News

Sonar scan will aim to get to bottom of Big Lake's woes

Published: Saturday, August 25, 2007 at 3:30 a.m.
Last Modified: Saturday, August 25, 2007 at 1:49 a.m.

Boiling Spring Lakes | With their main lake nearly dried up, officials here are looking beyond leaky floodgates for a cause.

City Manager David Lewis said discovering any sinkholes in Big Lake has become the first priority on rehabilitating the lake.

A Wilmington engineering and surveying firm, Gahagan & Bryant Associates, has been hired to do a sonar scan to produce a composite image of the lake basin. Lewis described the process as similar to medical imaging, such as CAT scans, that will bounce sound waves in a way that produces a fairly accurate representation of the density of the lake bottom.

Experts can use it to determine if any sinkholes exist.

The city has signed a $9,604 contract for the survey, which should start next week and take two to three days to complete, Lewis said.

"They'll run a boat up and down the lake to get a complete picture of the bottom," he said. "Because of the history of the past few years, we thought it would be a good idea, especially with the lake level low already."

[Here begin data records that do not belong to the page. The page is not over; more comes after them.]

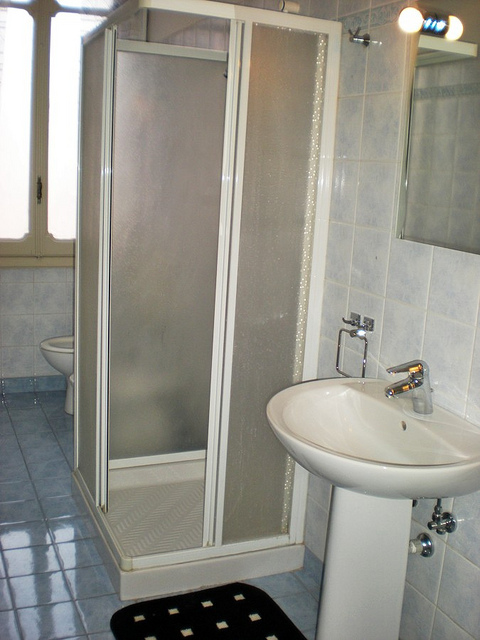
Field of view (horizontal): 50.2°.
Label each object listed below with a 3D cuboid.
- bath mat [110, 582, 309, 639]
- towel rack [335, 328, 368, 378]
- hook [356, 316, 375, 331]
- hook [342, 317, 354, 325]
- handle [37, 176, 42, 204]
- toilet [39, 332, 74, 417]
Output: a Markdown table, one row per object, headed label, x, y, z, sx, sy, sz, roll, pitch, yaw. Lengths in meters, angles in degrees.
| label | x | y | z | sx | sy | sz | roll | pitch | yaw |
| --- | --- | --- | --- | --- | --- | --- | --- | --- | --- |
| bath mat | -0.115 | 0.957 | 1.632 | 0.577 | 0.033 | 0.296 | 0 | 9 | -18 |
| towel rack | 0.339 | 0.104 | 1.595 | 0.082 | 0.176 | 0.203 | 1 | 8 | -10 |
| hook | 0.378 | 0.011 | 1.544 | 0.031 | 0.045 | 0.043 | -3 | 11 | -23 |
| hook | 0.330 | 0.004 | 1.574 | 0.019 | 0.008 | 0.028 | 6 | 7 | -23 |
| handle | -1.354 | -0.877 | 3.450 | 0.030 | 0.173 | 0.023 | 0 | 8 | -12 |
| toilet | -1.236 | 0.368 | 3.458 | 0.205 | 0.471 | 0.488 | -1 | 9 | -20 |

Big Lake, which normally has a surface area of about three square miles, has shrunk to about half that size during the spring and summer. Officials point to a combination of causes including leakage, dam repair operations and overall lack of rain.

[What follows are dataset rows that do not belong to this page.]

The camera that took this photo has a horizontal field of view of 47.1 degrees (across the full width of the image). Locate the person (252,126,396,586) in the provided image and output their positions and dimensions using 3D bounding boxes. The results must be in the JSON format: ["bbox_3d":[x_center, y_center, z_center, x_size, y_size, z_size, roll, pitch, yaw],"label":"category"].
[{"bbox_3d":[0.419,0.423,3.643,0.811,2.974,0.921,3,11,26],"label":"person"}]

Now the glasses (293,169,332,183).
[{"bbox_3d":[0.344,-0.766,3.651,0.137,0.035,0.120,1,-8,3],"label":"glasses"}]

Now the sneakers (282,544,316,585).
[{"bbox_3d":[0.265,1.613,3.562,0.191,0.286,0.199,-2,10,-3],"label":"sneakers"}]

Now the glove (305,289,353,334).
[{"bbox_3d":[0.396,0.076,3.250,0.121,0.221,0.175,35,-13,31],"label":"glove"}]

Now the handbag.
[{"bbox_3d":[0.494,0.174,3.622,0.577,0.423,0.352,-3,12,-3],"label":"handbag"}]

City utilities director Larry Modlin got a head start on the lake survey this week by discovering a sinkhole while eyeing the lake bed during a walk-around in areas where the lake bottom was exposed. That and another foot-deep depression in the lake bed were filled by city crews with about 150 yards of red clay dirt.

Five years ago during a similar dry spell, the lake was drained and sinkholes were discovered and repaired after the lake's water level dropped precipitously, Modlin said.

If more sinkholes are discovered during next week's survey, the city would have to lower the lake level to fill them, Lewis said.

Big Lake is currently 8 feet below normal, and "we're still losing water," Modlin said, because of normal evaporation, the floodgate repair work at Sanford Dam and lack of rain.

Three of the four dam gates have already been replaced.

In addition to replacing the floodgates, city officials have given thought to a novel plan to pump water into depleted Big Lake directly from flood-prone areas.

"Certain areas of the city flood during prolonged rains or tropical storms," Lewis said. "So we thought of a plan that would basically put pumping stations in those areas that would pump the water out before it became a problem."

Also briefly considered was a costly, time-consuming and unlikely plan for the city to install a deeply submerged pump tapping directly into the Castle Hayne aquifer to maintain the lake level.

"That would need a lot of regulatory approvals and would only add about an inch a week to the lake level. That's about what evaporates in a week's time," Lewis said.